Silverfish were a UK-based indie rock band which formed in the late 1980s and first performed in Camden in 1988. The band split up in 1993.

Their lead singer was Scottish-born Lesley Rankine. The band had a high octane, indie punk metal sound. Famous lyrics "Hips, Tits, Lips, Power" from the single "Big Bad Baby Pig Squeal" adorned a popular T-shirt of the time.

The other members of the band were; guitarist Andrew "Fuzz" Duprey; bassist Chris P Mowforth; and drummer Stuart Watson. Founding member Fuzz was a regular "face" at London indie gigs of the time, and is now a regular DJ at the Dublin Castle pub in Camden Town, London. The band stood out from many of their scene-contemporaries with a lineup that was mixed in terms of both gender and ethnicity and a setlist that was more liberally strewn with expletives than that of anyone else. Silverfish were the main focus of the so-called 'Camden Lurch' scene, a term invented by the music press to describe the fact that many of the prominent indie bands (outside of the dominant alternative dance and shoegazing scenes) of the time resided in Camden, and that they lurched.

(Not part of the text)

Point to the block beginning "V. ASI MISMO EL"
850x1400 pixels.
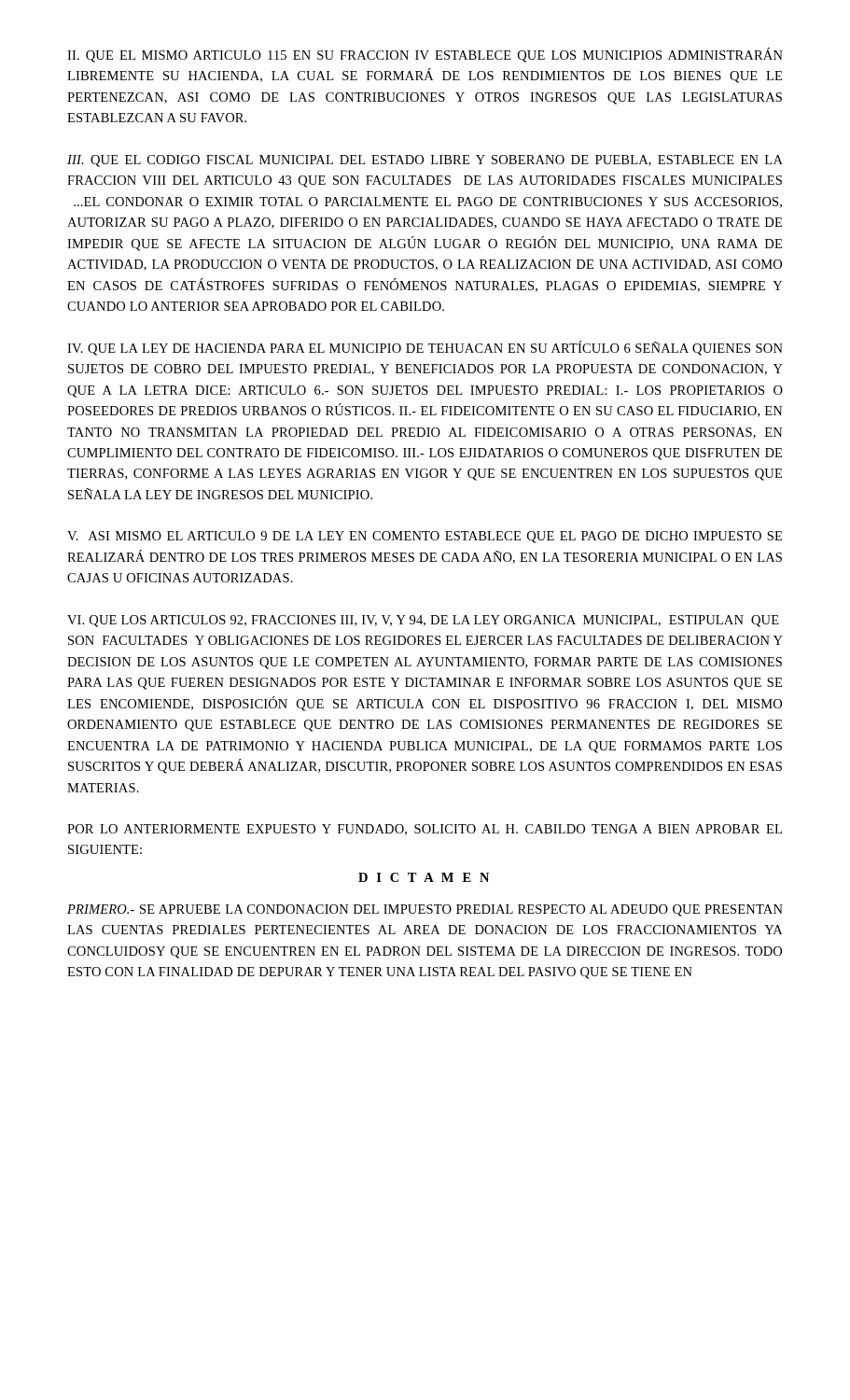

The band's 1980s EPs were collected in a 1990 compilation album called Cockeye. The following year, they released their debut album, Fat Axl, and toured with the band Pigface. In 1992, the group gained wider acclaim with their second album, Organ Fan, and supported the band 7 Year Bitch. During the broadcast of a Peel session, BBC Radio 1 DJ John Peel summed up their level of success: "If they were from New York, we'd be mad for them of course".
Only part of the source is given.